Having spent months on a portrait project in the Kunene region in Namibia, Kyle Weeks returned to visit the subjects of his photos. During his return visit, he was introduced to the tapping process of the palm trees that lined the river. A familiar face led him through the brush to demonstrate the process of climbing the trunk to tap for palm wine. “As he artfully ascended the palm, I recognised he took great pride in showing me this cultural technique.”

While the focus of Weeks’ previous project had been the modernisation of the dynamic Himba culture – their appropriating Western dress and performing freely for the camera – the tapping of the palms represented an ancient cultural practice, and Weeks decided to turn his camera to this aspect for a new body of work, Palm Wine Collectors. Once he’d located a palm being tapped, he’d spend two days there: he spoke to the young men working, explaining the aims of his project and organising a time for a portrait. He shot an image digitally first, showing them the results, before switching to a medium format analogue camera to capture the finished image.

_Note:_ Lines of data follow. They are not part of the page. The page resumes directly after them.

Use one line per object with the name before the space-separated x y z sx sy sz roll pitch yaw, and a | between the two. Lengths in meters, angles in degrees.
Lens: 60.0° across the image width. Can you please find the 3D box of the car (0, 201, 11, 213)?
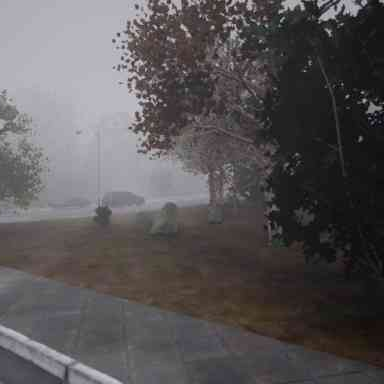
car | -22.141 1.540 35.548 1.837 1.490 4.892 0 1 39

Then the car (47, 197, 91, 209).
car | -15.903 1.363 43.290 2.033 1.411 5.357 0 2 39

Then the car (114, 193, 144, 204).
car | -9.619 0.991 51.069 1.994 1.385 4.181 0 3 39

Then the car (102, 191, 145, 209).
car | -8.405 0.918 41.133 2.150 2.045 5.566 0 2 38
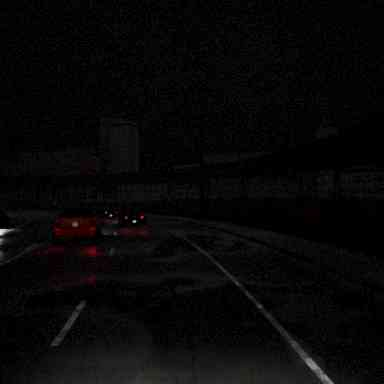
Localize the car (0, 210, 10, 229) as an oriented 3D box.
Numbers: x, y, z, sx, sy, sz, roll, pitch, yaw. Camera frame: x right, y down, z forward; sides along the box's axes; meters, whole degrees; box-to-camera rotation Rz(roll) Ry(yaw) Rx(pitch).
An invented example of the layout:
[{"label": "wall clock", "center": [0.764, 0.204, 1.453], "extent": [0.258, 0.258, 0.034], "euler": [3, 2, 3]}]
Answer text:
[{"label": "car", "center": [-15.948, 2.173, 26.798], "extent": [1.812, 1.442, 4.674], "euler": [0, -2, -19]}]

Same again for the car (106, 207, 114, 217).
[{"label": "car", "center": [-10.761, 2.595, 42.182], "extent": [1.895, 1.301, 4.718], "euler": [0, -2, -26]}]

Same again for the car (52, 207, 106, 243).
[{"label": "car", "center": [-5.919, 1.591, 17.627], "extent": [2.097, 1.767, 4.553], "euler": [0, -1, -12]}]

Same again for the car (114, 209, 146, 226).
[{"label": "car", "center": [-5.234, 2.119, 28.430], "extent": [1.895, 1.301, 4.718], "euler": [0, -2, -18]}]

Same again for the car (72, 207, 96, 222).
[{"label": "car", "center": [-12.054, 2.416, 36.779], "extent": [2.033, 1.411, 5.357], "euler": [0, -2, -24]}]
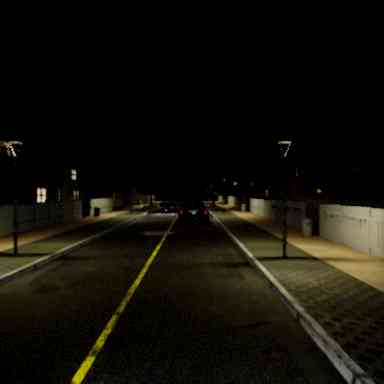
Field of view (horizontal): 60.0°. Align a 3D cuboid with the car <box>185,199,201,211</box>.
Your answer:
[{"bbox_3d":[0.118,1.592,42.900,1.994,1.385,4.181,0,0,0],"label":"car"}]

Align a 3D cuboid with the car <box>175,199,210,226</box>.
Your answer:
[{"bbox_3d":[0.110,1.363,23.481,2.097,1.767,4.553,0,0,0],"label":"car"}]

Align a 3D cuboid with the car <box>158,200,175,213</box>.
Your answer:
[{"bbox_3d":[-2.734,1.570,37.763,2.033,1.411,5.357,0,0,0],"label":"car"}]
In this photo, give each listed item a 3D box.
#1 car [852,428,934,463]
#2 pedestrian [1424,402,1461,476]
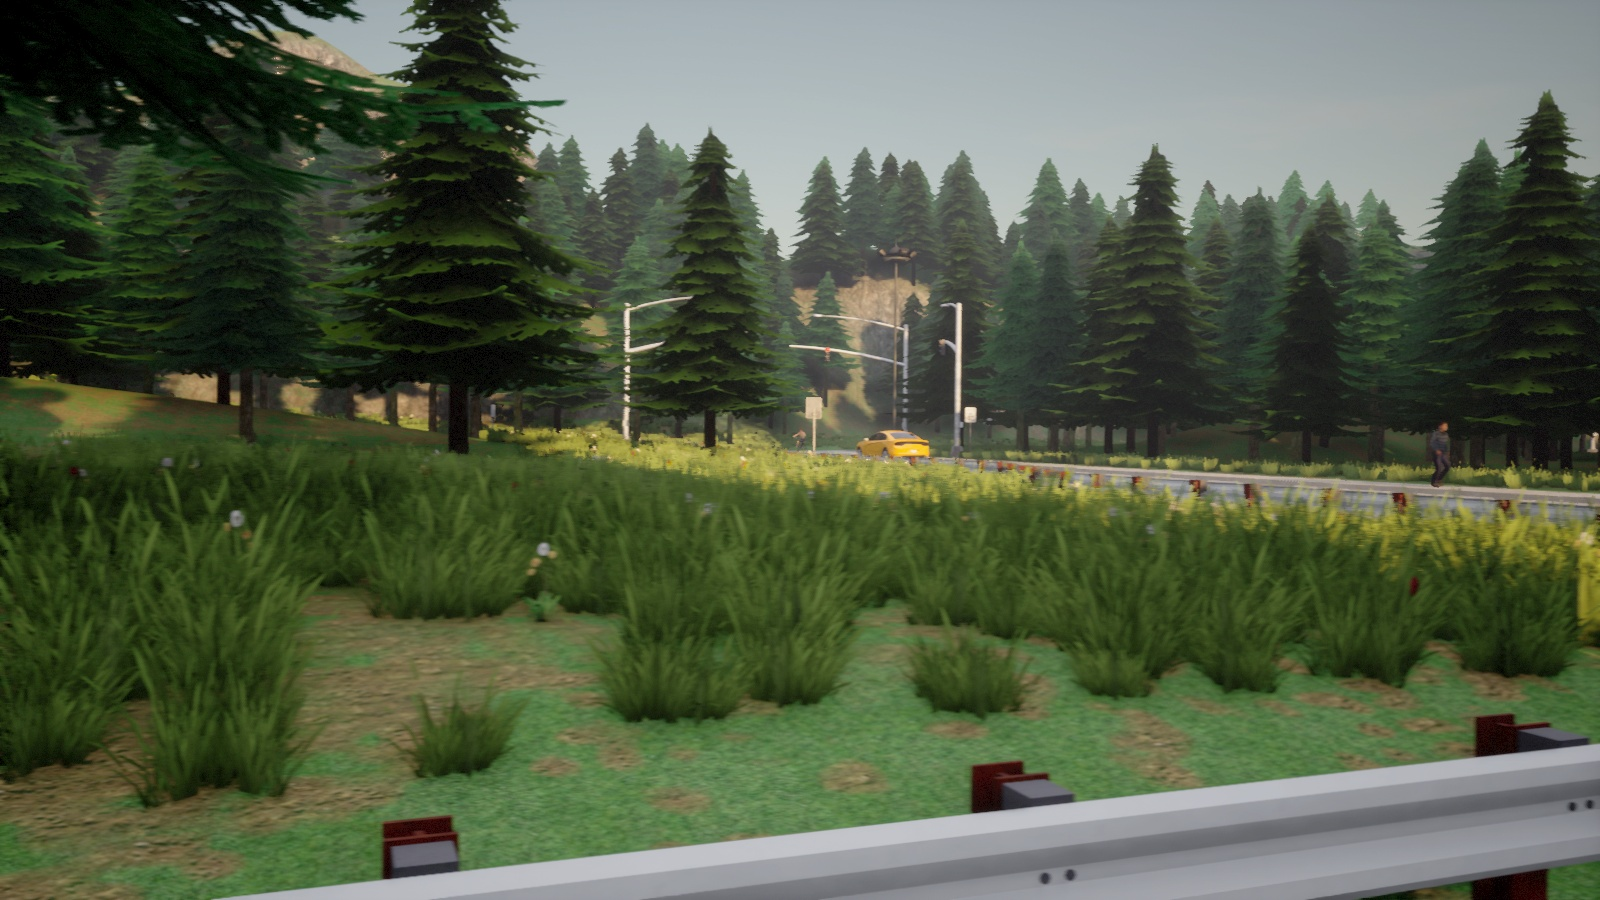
[{"bbox_3d":[4.200,-0.233,57.499,1.882,1.535,5.008,-1,1,-20],"label":"car"},{"bbox_3d":[17.104,-0.296,33.442,0.423,1.949,0.788,-1,1,-20],"label":"pedestrian"}]

“I photograph them in a way that they would like to be seen by an outside audience. Usually I let the subjects perform for the camera, giving very little direction but rather letting them experiment with the construction of their own image.” Weeks’ respectful, dialogic approach is evidenced in the results of his project: bright images with a quiet sense of majesty. The gaze of the photographer is returned with equal force by the subject of the photo.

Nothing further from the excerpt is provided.